Having increased the value of its own media by shedding its low-quality inventory, Voetbal saw advertisers willing to bid more for it, despite getting technically fewer impressions in return. The real test for Voetbal was enduring the painful loss in short-term revenue from switching off 35 percent of its inventory. But it paid off and programmatic revenues have risen 30 percent.

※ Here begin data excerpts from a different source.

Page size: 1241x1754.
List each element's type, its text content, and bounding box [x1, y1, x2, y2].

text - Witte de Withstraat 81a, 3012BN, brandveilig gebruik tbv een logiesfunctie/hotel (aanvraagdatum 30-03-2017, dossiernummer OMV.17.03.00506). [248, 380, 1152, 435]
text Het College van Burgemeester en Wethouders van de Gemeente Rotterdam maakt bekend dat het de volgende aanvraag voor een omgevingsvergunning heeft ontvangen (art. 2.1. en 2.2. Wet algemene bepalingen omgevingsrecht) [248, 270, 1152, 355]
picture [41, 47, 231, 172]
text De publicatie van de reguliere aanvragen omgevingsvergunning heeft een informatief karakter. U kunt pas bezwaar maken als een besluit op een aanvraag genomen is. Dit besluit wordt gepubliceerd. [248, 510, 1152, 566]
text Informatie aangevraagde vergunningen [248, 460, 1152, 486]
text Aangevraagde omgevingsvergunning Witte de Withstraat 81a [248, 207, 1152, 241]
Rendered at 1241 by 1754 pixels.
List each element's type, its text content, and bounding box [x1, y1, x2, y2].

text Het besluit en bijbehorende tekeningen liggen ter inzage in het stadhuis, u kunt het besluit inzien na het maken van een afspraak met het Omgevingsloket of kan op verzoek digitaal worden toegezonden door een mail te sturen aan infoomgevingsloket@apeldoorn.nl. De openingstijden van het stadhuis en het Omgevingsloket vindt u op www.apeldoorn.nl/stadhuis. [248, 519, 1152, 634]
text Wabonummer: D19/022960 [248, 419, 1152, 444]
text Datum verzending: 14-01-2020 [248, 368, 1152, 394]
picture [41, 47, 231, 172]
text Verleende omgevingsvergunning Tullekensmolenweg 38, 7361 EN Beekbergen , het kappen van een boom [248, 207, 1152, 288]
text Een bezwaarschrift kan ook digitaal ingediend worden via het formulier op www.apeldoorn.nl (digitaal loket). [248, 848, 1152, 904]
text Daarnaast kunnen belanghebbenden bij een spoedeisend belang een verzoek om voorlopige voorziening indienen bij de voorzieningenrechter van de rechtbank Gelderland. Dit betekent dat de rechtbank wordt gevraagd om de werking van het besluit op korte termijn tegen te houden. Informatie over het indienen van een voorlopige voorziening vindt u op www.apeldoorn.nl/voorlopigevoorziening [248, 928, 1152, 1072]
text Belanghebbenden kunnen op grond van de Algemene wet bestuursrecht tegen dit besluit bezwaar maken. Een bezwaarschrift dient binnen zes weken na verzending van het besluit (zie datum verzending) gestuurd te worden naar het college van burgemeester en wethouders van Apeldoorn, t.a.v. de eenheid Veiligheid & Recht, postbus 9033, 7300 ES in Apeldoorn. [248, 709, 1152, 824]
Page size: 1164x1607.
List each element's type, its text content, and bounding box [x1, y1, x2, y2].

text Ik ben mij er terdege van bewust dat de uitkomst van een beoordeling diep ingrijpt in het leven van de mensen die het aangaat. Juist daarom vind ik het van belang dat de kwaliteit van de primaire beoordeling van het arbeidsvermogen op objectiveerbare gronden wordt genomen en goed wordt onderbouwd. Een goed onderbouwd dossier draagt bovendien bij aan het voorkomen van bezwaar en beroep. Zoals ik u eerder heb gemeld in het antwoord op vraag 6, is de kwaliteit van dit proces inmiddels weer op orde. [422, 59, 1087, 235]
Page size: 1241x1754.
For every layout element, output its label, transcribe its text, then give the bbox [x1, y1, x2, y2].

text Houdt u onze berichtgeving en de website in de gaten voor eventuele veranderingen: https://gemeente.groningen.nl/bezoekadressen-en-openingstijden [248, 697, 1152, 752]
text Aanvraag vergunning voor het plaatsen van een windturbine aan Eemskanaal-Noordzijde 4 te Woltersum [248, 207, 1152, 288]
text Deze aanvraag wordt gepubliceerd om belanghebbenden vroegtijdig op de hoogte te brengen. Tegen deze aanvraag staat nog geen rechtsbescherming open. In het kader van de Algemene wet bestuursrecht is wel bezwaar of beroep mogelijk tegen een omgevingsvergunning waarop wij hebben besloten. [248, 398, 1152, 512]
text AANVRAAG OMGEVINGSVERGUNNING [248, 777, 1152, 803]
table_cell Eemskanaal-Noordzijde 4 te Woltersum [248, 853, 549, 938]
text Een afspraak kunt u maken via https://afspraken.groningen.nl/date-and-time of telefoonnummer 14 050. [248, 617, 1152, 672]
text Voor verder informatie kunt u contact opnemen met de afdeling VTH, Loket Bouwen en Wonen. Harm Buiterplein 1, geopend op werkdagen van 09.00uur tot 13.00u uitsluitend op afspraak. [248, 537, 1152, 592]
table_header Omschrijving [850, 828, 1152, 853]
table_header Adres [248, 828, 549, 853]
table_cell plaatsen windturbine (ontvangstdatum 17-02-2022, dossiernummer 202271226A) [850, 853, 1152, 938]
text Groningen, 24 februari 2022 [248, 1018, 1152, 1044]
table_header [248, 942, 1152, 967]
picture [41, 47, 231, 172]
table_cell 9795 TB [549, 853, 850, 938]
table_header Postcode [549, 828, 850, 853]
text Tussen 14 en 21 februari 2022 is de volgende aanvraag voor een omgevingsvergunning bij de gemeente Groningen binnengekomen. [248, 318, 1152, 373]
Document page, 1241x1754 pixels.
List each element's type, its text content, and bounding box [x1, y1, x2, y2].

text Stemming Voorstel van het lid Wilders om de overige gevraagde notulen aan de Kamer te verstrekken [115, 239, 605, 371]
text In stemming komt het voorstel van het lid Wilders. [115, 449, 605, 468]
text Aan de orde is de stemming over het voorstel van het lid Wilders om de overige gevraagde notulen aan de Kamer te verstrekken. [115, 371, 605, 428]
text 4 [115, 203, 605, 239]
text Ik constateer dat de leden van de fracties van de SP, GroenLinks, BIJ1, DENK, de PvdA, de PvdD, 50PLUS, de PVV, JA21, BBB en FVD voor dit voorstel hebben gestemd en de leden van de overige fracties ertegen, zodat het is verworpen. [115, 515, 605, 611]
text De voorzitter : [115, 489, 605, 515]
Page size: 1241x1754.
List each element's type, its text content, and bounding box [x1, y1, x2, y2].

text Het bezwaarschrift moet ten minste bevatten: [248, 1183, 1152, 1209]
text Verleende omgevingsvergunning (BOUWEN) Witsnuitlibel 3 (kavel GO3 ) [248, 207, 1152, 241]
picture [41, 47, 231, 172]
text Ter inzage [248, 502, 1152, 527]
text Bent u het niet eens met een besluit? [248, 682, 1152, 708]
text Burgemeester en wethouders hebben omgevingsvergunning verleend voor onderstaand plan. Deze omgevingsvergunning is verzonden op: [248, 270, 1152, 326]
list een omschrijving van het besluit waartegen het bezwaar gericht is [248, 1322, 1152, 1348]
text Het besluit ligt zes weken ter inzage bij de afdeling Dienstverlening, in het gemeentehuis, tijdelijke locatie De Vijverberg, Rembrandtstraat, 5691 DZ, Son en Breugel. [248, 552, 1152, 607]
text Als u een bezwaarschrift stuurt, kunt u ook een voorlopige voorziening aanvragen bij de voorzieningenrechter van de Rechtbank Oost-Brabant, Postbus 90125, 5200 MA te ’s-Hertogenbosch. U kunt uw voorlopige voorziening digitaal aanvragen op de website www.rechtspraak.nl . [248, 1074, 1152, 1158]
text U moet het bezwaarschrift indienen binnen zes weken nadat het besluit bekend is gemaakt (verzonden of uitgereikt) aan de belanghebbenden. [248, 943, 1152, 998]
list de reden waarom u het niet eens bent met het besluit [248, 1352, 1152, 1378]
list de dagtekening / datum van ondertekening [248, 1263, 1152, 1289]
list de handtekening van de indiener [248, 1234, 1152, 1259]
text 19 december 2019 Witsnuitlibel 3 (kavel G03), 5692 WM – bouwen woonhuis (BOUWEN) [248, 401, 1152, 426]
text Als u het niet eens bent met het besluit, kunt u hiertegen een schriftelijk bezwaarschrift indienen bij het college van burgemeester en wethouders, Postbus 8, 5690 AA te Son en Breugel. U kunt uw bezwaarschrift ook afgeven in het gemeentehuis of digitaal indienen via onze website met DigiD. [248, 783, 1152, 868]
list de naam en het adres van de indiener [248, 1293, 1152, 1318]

We’ve also seen this year The Economist, like the Financial Times, explore alternative ways to sell its media beyond impression-based trading. Viewability may be enough to pacify advertisers for now, but rather than sit back and wait for the next digital advertising crisis no doubt lurking around the corner, the Economist is pre-empting future trouble. It’s hedging its bets on the “attention buy,” because it has seen that high despite its site being optimized for viewability, advertisers aren’t necessarily getting the best bang for their buck.
Advertisers and agencies still hanker after a single, standardized metric of trading across devices (we’re stuck with click-through rates for now), but viewability won’t be that silver bullet, even once the discrepancies are ironed out. The Economist’s research has concluded that viewability-based trading won’t be enough, certainly not for sites which have more in-depth content with higher average dwell time.
Whether it’s the chill from ad blocking, pressure to meet viewability demands, or any of the other head winds publishers are facing, we’re seeing some creative approaches being adopted, in which longer term digital ad revenue goals are winning out to short-term profit aims. Expect to see plenty more of this in 2016.